Acórdão nº 03333/09 de Tribunal Central Administrativo Sul, 16 de Março de 2010

Magistrado ResponsávelEUGÉNIO SEQUEIRA
Data da Resolução16 de Março de 2010
EmissorTribunal Central Administrativo Sul

Acordam, em conferência, na Secção de Contencioso Tributário (2.ª Secção) do Tribunal Central Administrativo Sul: A. O Relatório.

  1. O Exmo Subdirector-Geral dos Impostos (SDGI), dizendo-se inconformado com a sentença proferida pela M. Juiz do Tribunal Tributário de Lisboa - 2.ª Unidade Orgânica - que julgou procedente a acção administrativa especial deduzida por A...e & Kg, veio da mesma recorrer para este Tribunal formulando para tanto nas suas alegações as seguintes conclusões e que na íntegra se reproduzem: A) A, aliás, douta sentença recorrida incorreu em excesso de pronúncia, o que a inquina no vício de nulidade, nos termos da al. d) do n° 1 do art. 668° do CPC, bem como, fez uma incorrecta interpretação e aplicação da lei aos factos, não se podendo, pois, manter.

    1. Na verdade, considerou o tribunal "a quo" que se verificava o vício de falta de audição prévia, pelo que, ao se ter pronunciado no sentido da anulação do acto pela verificação daquele vício, estava-lhe vedada a apreciação do vício de fundo atribuído ao mesmo acto.

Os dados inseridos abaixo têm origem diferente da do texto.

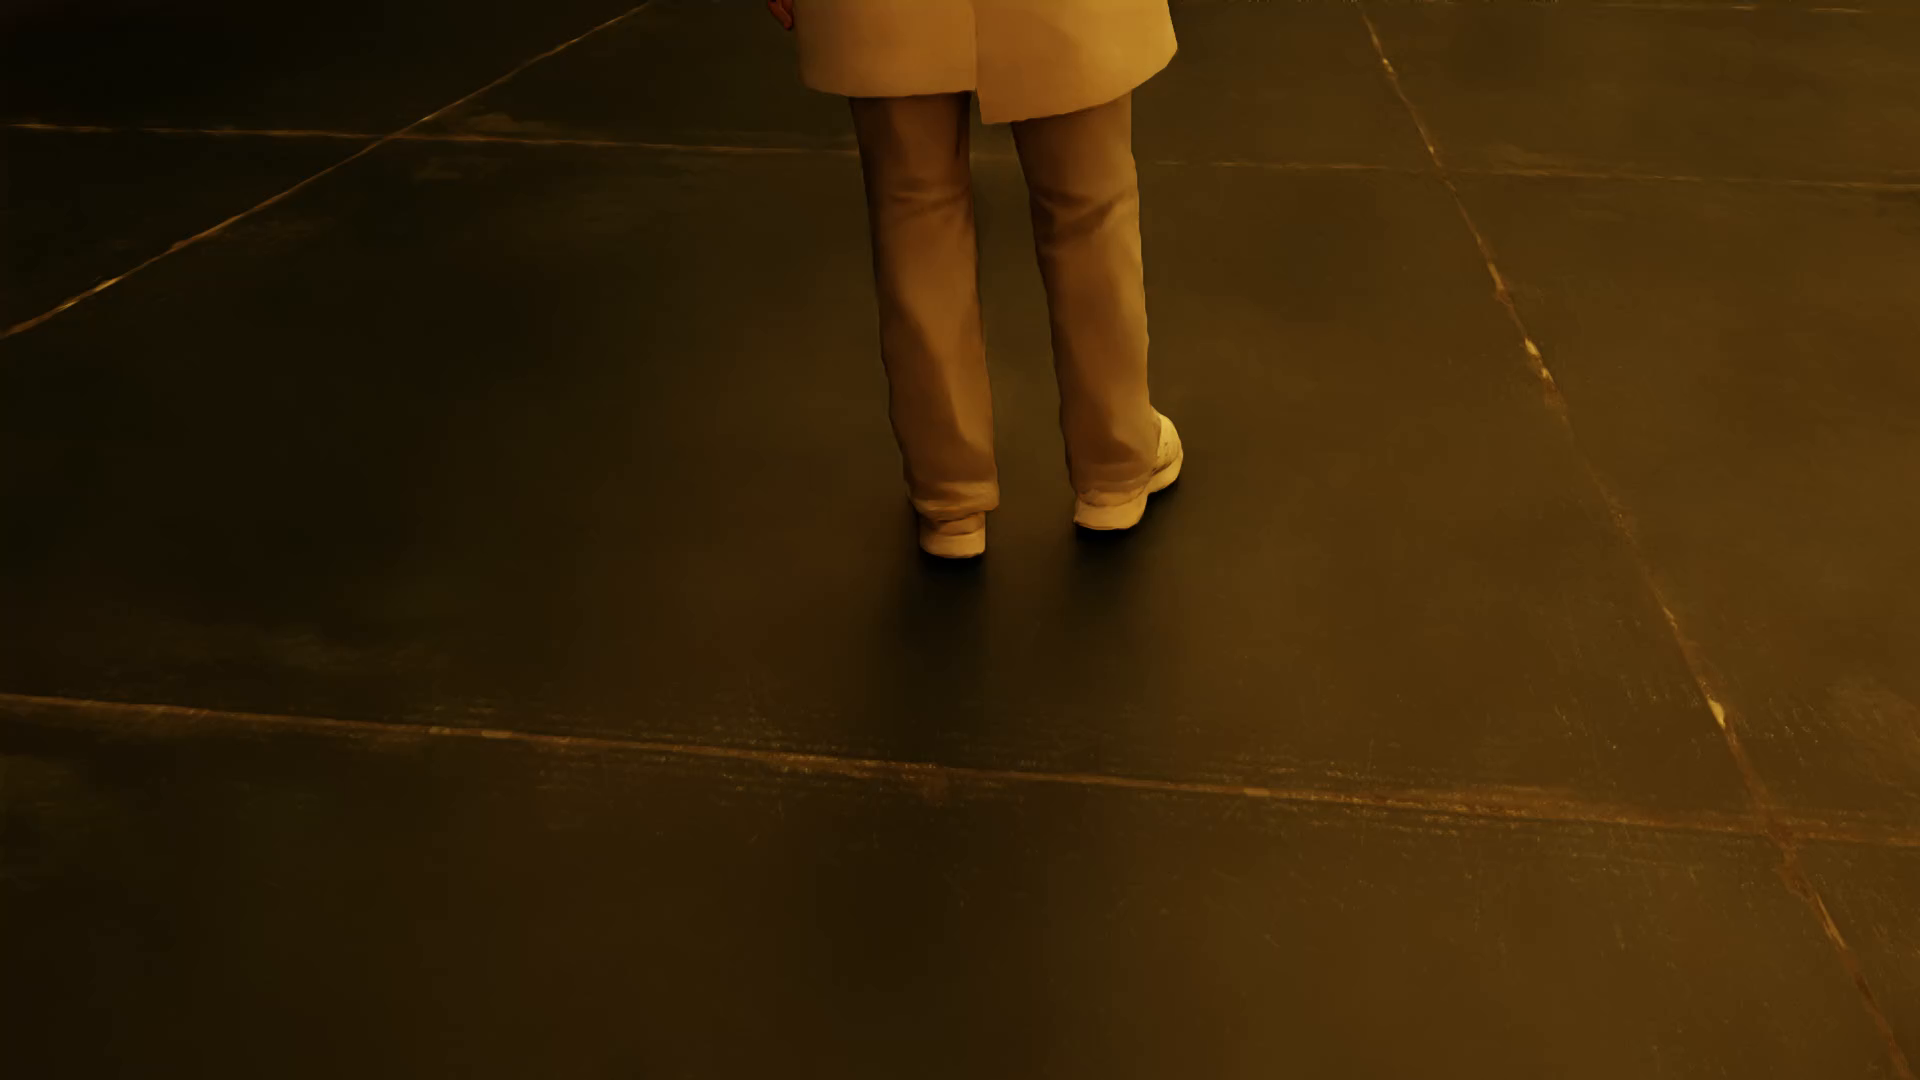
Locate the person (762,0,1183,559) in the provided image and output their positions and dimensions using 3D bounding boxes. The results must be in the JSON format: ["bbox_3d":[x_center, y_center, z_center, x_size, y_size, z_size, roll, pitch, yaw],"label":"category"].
[{"bbox_3d":[0.017,-0.842,2.180,0.694,1.776,0.579,3,27,7],"label":"person"}]

    2. Na verdade, sendo a falta de audição um vício formal que afecta a formação da vontade administrativa deve ser apreciado antes dos vícios que influem na formulação da própria vontade, desde que se esteja perante uma situação em que o interessado pode contrapor, perante a decisão a adoptar pela autoridade administrativa, novos elementos susceptíveis de contraditar a posição tomada e influenciar a decisão final.

    3. Acresce que, também a jurisprudência tem admitido que a tutela mais eficaz dos interesses do recorrente contencioso pode passar pelo conhecimento prioritário do vício de forma, concretamente do vício de falta de audição do contribuinte, dado que este vício leva à renovação do acto e à realização de tal audição que pode fornecer ao juiz novos elementos, quanto aos pressupostos de facto e de direito da decisão, na apreciação dos vícios de fundo do acto.

    4. E daí que, no caso em concreto, se impusesse ao Tribunal "a quo" o conhecimento prévio do vício de forma imputado ao acto impugnado e procedendo o mesmo, como também foi decidido, devesse o Tribunal "a quo" abster-se de conhecer do vício de violação de lei, uma vez que, determinando a procedência do vício de forma a possibilidade de a AT renovar o acto, há que concluir que o Mmo Juiz "a quo" ainda não está de posse de todos os elementos que lhe permitam avaliar da correcção, ou não, dos pressupostos de facto e de direito do acto impugnado.

    5. Pelo que, a sentença recorrida ao ter conhecido e ter decidido pela procedência do vício de forma, falta de audição dos então A.A. e ora recorridos imputado ao acto e ao ter, igualmente, conhecido e decidido, prioritariamente, o vício de violação de lei, quando não o podia fazer, por ser prioritário conhecer do vício de forma, cuja procedência esgotava o seu poder jurisdicional, incorreu em excesso de pronúncia, sendo nula nos termos da al. d) do n° 1 do art. 668° do CPC.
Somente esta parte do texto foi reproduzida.